Trauma Informed Practice A Coffey 2017.docx.pdf

Potential Instruction Strategies

Before reading the text, review the historical context of race in North America. Examine the differential socio-political, economic, and cultural outcomes produced by race and racism on racialized peoples. Scan the media for references to race and racism; discuss the way members of different races engage with each other and the impact of society’s failure to grapple with issues of race or other differences in social identities.

In Between the World and Me, Coates describes the unrelenting threat of violence and its impact on black bodies. In the text he names several unarmed black men that have been killed by the police; this includes his friend, Prince Jones. Select one or more of the men mentioned in the book, or select another person killed since and conduct research about his or her death; draw on a variety of print and/or multimedia sources to ensure multiple viewpoints. Review the extent to which the sources stick to a description of the death or the extent to which the victim’s life becomes a part of the story. Compare/contrast accompanying images. Examine how different sources treat the death. Considering the audience and purpose of the research, select a suitable method to present the findings. Finally, based on your own research, discuss how it either supports or refutes Coates’s central argument.

Many Black writers have written about race, racism, oppression and the need for equality in the form of letters. Some of these include Martin Luther King’s “Letter From Birmingham Jail”, James Baldwin’s “Letter to [his] Nephew” and more recently Desmond Coles open letter of resignation from the Toronto Star, “I Choose Activism for Black Liberation”. Students will do a search of social and other forms of media, choose a topical issue and reflect on the way this is presented on different platforms and then, in the form of a letter to a loved one, write about their fears about this issue.
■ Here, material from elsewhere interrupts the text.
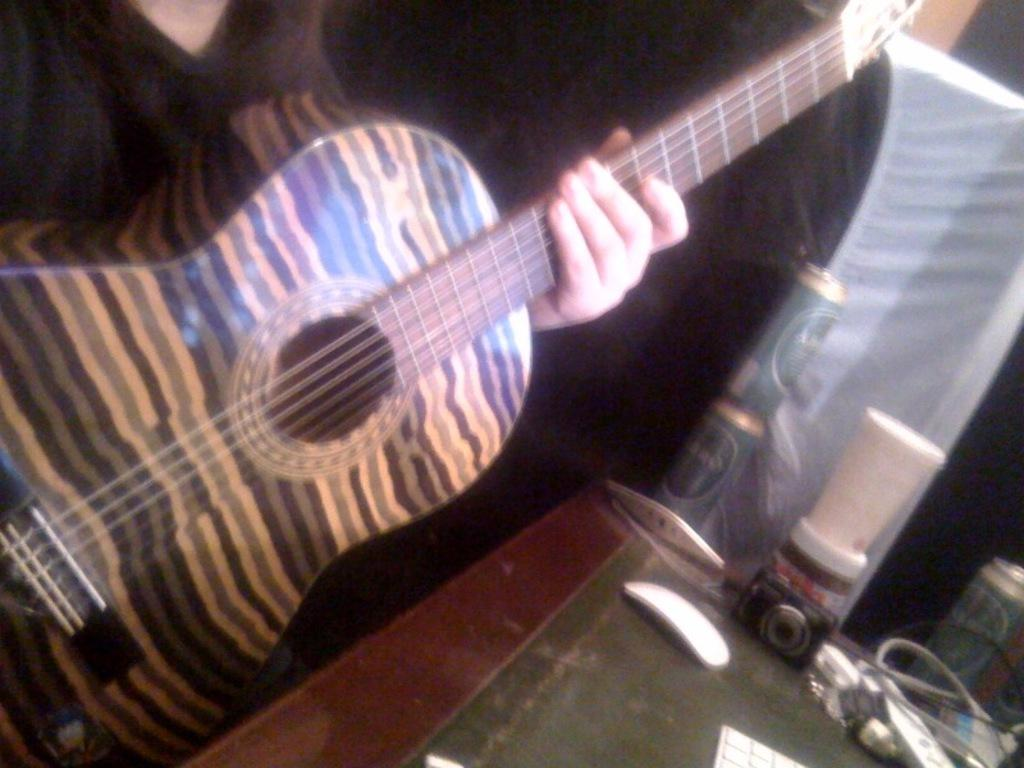What musical instrument is visible in the image? There is a guitar in the image. Where is the guitar positioned in relation to the table? The guitar is in front of a table. What can be found on the table in the image? There are some things placed on the table. What type of bun is being used as a guide for playing the guitar in the image? There is no bun present in the image, nor is there any indication that a bun is being used as a guide for playing the guitar.

The letter may also be about the student’s fear for the student’s loved one - given the way this issue is developing or has developed.

Text to Text Connections

Text to World Connections

Potential Strategy from Engaging Readers and Writers with Inquiry

Engaging Readers and Writers with Inquiry by Jeffrey D Willhelm (P.114-115)

ReQuest (Manzo 1969) helps student thinking move from literal to implied to critical to applicative. The ReQuest strategy involves asking student to create three different kinds of meaning while they read.

1. On the lines- recognizing key factual information that is directly stated

2. Between the lines- making interpretive/inferential moves that require students to fill in textual gaps by making connections between details in the text and/or their own experiences.

3. Beyond the lines- extending thinking beyond the text's explicit and implicit meanings to evaluation and application in the larger world.